At any rate, there is another reason why we find the alleged participation of
the appellant in the killing of Lloyd Peñacerrada doubtful — it is contrary to our
customs and traditions. Under the Filipino family tradition and culture, aging
parents are sheltered and insulated by their adult children from any possible
physical and emotional harm. It is therefore improbable for the other accused
who are much younger and at the prime of their manhood, to summon the aid
or allow the participation of their 65-year old 49 father, the appellant, in the
killing of their lone adversary, granting that the victim was indeed an adversary.

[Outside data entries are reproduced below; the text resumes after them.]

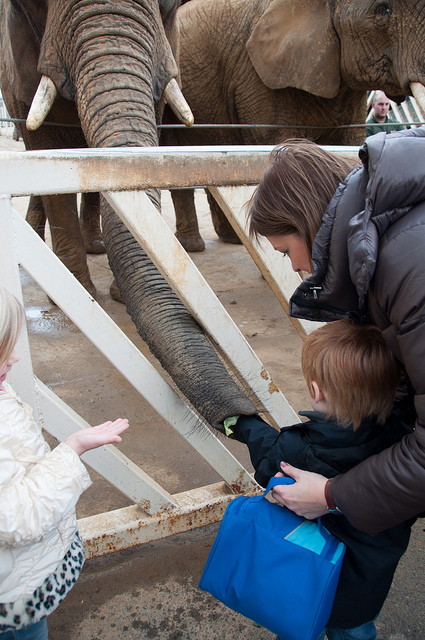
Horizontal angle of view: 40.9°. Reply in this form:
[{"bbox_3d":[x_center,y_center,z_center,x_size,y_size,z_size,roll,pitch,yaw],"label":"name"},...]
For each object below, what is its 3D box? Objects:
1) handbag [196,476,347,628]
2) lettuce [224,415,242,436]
[{"bbox_3d":[0.133,0.487,1.194,0.287,0.296,0.133,17,12,36],"label":"handbag"},{"bbox_3d":[0.052,0.254,1.376,0.046,0.042,0.014,5,-13,40],"label":"lettuce"}]

And considering that the appellant's residence was about one kilometer from
the scene of the crime, 50 we seriously doubt that the appellant went there just
for the purpose of aiding his three robust male sons (Custodia Jr., Nerio, and
Augusta), not to mention the brother and sister, Rogelio and Fausta, in the
killing of Lloyd Peñacerrada, even if the latter were a perceived enemy.
Finally, while indeed alibi is a weak defense, 51 under appropriate
circumstances, like in the instant case in which the participation of the
appellant is not beyond cavil it may be considered as exculpatory. Courts
should not at once look with disfavor at the defense of alibi for if taken in the
light of the other evidence on record, it may be sufficient to acquit the
accused. 52
In fine, the guilt of the appellant has not been proven beyond reasonable
doubt.
WHEREFORE, the Decision of the Court of Appeals is REVERSED and SET
ASIDE and the appellant is hereby ACQUITTED. Costs de oficio.
SO ORDERED.
Melencio-Herrera, Paras, Padilla and Regalado, JJ., concur.